Beginning with the current classroom curriculum "All About Me," I will complete a mini-unit on growth, development and gender differences as they can be relayed to five- and six-year olds. This mini-unit includes physical and emotional differences between boys and girls. The songs "Head, Shoulders, Knees and Toes" and "Did you Ever See a Lassie?" begin the discussion of physical differences, while the song "Mary Wore her Red Dress" opens the discussion of likes and dislikes. The physical differences to be covered are obvious, yet the likes and dislikes, or psychological differences are not as apparent. For Kindergartners, the psychological differences are manifested through the stereotypical differences taught to them by their family members, peers, etc.: Girls play with dolls, boys play basketball, girls don't climb the jungle gym, boys climb anything and everything! These differences, to be recorded on a chart entitled, "People say girls should.../People say boys should..." are displayed in the classroom for future use.

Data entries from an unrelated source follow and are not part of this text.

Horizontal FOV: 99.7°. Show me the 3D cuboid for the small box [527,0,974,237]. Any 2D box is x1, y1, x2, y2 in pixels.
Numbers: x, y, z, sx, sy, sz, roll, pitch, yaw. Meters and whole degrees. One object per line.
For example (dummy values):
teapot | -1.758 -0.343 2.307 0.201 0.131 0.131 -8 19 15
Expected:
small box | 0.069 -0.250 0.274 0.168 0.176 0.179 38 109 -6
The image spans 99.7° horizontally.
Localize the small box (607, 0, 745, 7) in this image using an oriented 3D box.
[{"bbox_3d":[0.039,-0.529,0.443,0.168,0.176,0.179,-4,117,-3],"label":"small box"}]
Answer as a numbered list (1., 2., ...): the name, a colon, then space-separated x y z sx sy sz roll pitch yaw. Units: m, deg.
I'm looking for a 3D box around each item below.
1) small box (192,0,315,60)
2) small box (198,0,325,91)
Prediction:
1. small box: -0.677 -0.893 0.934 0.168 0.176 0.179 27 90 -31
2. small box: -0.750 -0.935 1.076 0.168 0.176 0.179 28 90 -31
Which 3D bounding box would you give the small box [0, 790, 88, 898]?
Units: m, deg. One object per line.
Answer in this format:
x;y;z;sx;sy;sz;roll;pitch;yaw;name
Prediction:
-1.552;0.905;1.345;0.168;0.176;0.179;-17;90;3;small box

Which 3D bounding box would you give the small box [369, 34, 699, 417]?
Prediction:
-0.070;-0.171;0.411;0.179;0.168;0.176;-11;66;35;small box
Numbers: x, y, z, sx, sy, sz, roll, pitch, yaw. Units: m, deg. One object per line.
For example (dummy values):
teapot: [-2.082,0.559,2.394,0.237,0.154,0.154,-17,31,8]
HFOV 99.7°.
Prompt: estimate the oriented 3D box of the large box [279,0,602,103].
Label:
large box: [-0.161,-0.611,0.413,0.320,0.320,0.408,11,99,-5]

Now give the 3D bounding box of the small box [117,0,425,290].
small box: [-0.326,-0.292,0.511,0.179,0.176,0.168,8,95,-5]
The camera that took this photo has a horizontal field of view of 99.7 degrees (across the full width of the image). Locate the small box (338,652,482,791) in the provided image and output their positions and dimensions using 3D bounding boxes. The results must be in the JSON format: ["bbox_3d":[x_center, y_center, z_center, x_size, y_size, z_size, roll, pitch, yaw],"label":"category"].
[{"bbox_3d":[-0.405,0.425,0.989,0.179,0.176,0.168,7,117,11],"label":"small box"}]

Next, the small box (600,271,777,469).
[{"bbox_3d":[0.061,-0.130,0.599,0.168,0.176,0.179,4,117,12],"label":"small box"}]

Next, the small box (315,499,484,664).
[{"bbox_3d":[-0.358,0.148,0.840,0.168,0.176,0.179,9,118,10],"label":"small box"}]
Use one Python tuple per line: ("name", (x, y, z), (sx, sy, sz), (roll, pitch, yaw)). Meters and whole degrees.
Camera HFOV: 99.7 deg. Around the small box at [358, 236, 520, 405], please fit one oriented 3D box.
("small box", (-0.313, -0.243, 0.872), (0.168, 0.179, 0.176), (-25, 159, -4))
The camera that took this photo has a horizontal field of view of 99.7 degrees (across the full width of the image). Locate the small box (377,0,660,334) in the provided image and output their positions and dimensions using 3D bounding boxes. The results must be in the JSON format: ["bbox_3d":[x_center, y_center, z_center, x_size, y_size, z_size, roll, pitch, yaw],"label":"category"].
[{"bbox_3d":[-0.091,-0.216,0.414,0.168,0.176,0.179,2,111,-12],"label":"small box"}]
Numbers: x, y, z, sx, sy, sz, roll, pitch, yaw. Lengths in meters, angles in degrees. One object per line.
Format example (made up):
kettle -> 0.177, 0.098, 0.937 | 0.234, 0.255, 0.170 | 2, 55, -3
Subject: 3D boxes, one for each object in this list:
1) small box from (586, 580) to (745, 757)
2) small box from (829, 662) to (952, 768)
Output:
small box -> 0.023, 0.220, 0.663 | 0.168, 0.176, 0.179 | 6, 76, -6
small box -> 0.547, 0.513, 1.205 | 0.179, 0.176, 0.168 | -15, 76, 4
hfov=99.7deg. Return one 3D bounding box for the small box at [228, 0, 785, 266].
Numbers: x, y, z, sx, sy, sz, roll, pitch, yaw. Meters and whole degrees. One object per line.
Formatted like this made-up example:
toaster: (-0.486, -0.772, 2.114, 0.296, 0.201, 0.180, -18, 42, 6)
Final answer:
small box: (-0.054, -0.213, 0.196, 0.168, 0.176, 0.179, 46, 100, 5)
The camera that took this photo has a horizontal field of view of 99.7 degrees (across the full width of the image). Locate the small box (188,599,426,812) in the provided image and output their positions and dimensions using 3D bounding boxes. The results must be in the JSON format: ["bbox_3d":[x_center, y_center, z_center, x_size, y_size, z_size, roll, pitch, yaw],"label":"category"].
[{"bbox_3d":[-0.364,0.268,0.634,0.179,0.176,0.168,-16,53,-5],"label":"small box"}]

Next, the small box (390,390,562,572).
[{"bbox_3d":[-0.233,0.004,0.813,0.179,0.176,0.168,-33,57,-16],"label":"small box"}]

Once the physical and psychological differences are clarified, we will discuss our personal likes and dislikes and list them on chart paper. The students are encouraged to talk about their favorite activity, and the lyrics to "Mary Wore Her Red Dress" are altered to accommodate the activities most enjoyed by each student (See Box 1). These likes and dislikes are compared to the information collected on the chart "People say girls/boys should..." A new chart, "We say girls and boys can...." will be drafted to display our overall findings from the comparison. The actions listed on the new chart will be illustrated and bound in a booklet of the same title and placed in the Reading Center. The Reading Center is an area in the classroom used to reinforce Language Arts lessons, themes and units. The Reading Center contains fiction and nonfiction trade books, class-made books, flash cards, audio cassettes, an audio cassette player, headphones, paper, markers and bean bag chairs. An audio recording of the class-authored "Mary Wore her Red Dress" is made in the Reading Center and included in the series of songs sung during Morning Meeting each day. The Morning Meeting is the time of day when events of the day, week and month are discussed, songs are sung to reinforce the current classroom curriculum and events from the students' home-lives are shared. Other songs and Reading Center-created items are also shared during Morning Meeting.

Box 1: All About Me

Mary Wore her Red Dress

Mary wore her red dress,
Red dress, red dress.
Mary wore her red dress
All day long.
Roberto wore his orange hat,
Orange hat, orange hat.
Roberto wore his orange hat
All day long.

Mary Wore her Red Dress (revised)

Tanijah likes to swing on a swing,
Swing on a swing, swing on a swing.
Tanijah likes to swing on a swing
All day long.
Davonte likes to jump rope,
Jump rope, jump rope.
Davonte likes to jump rope
All day long.

Family Time

The mini-unit that follows "All About Me" is "Family Time." "Family Time" is a unit that extends the me of "All About Me" to the immediate relatives who affect the lives of the children in the class. The children learn the song, "My Family's Just Right for Me" and compare the different families mentioned in the lyrics. The children are then asked to list the members of their family that live with them. A sheet of drawing paper is distributed to each child for each member of their family. A booklet is then 'published' in the classroom for each child illustrating the members of their family: Me, Mommy, Daddy, Auntie, Uncle, Grandma, Grandpa, Cousin, Brother, Sister, etc. (See Lesson Plans)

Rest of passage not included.